On the Mk2 there was a cylinder and piston in the LH hinge that made it go slow. When people forced it because it was too slow, one of the hinge parts broke.

Helpfully Audi only supply a complete glove box so the best thing would be to drop the glove box - screws underneath, right at the back and along the top edge when its' open. Don't forget NOT to turn on the ignition while the air bag switch is disconnected. If you do then you'll get a warning light that needs VCDS to turn off.

Once the glove box is out you can see what's broken and assess if you can fix it. Search the Mk2 forum for info.


----------



## brittan (May 18, 2007)

Ah, too late I see.


----------



## Snake TT (Jul 13, 2007)

brittan said:


> On the Mk2 there was a cylinder and piston in the LH hinge that made it go slow. When people forced it because it was too slow, one of the hinge parts broke.
> 
> Helpfully Audi only supply a complete glove box so the best thing would be to drop the glove box - screws underneath, right at the back and along the top edge when its' open. Don't forget NOT to turn on the ignition while the air bag switch is disconnected. If you do then you'll get a warning light that needs VCDS to turn off.
> 
> Once the glove box is out you can see what's broken and assess if you can fix it. Search the Mk2 forum for info.
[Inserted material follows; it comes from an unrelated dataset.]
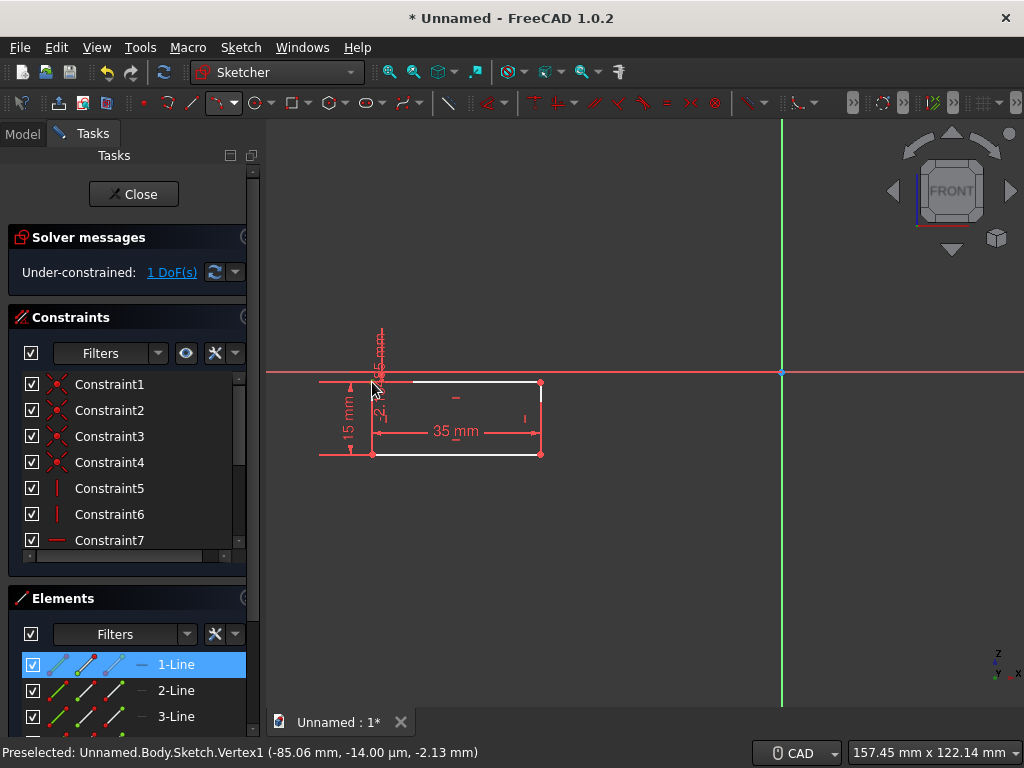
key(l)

Ah that's really helpful, I have had the glove box out recently to sort out the fan unit so I'm familiar with removing it. Also I triggered my airbag light in the process so thats a job for another day


----------



## Vanu (Oct 2, 2016)

can you lubricate the dampening piston without taking the glovebox off?


----------



## brittan (May 18, 2007)

You can see it by gently levering off the dashboard end panel.


----------



## brittan (May 18, 2007)

viewtopic.php?f=19&t=321483&p=2568015&hilit=glove+box+broken#p2568015


----------



## Snake TT (Jul 13, 2007)

brittan said:


> http://www.ttforum.co.uk/forum/viewtopic.php?f=19&t=321483&p=2568015&hilit=glove+box+broken#p2568015


Useful link, this should be something I can tackle myself without too much issue. Thanks


----------



## ADB (May 7, 2002)

Its a weak point in the design and a very common fault. When it does go I think a lot of people just leave it.
I repaired mine 3 times and when it broke for the 4th time I decided to just apply a fix for the light and forget about the elegant opening... viewtopic.php?f=19&t=993249

Andy


----------



## Snake TT (Jul 13, 2007)

ADB said:


> Its a weak point in the design and a very common fault. When it does go I think a lot of people just leave it.
> I repaired mine 3 times and when it broke for the 4th time I decided to just apply a fix for the light and forget about the elegant opening... viewtopic.php?f=19&t=993249
> 
> Andy


To be honest the slow opening IS kind of annoying when you are in a hurry. Thats how I broke mine, I didnt have time to wait 

I quite like the fact it now flies open and kneecaps the passenger


----------



## ADB (May 7, 2002)

Snake TT said:


> To be honest the slow opening IS kind of annoying when you are in a hurry. Thats how I broke mine, I didnt have time to wait
> 
> I quite like the fact it now flies open and kneecaps the passenger


Mine was broke when I bought the car so it remained like that for a few months until I investigated why the light didn't work. When I realised it had snapped I did what a lot of people have done and made a metal bracket and used a lot of epoxy resin. It worked perfectly for a few months and then failed again as the gas strut started to get stiffer. 2nd repair involved drilling a hole in the gas strut so that it wasn't so stiff. A heavy handed passenger broke it the next time so I then went for the lesser repair so there is no elegant opening but the light still comes on.
I also fitted a dual USB adapter into the glovebox whilst I had it out and was soldering stuff. I Piggy-backed the wiring from the light before the switch I fitted as its a switched feed. This powers my dashcam and charges my phone when its in the glovebox.

Andy


----------



## Vanu (Oct 2, 2016)

brittan said:


> You can see it by gently levering off the dashboard end panel.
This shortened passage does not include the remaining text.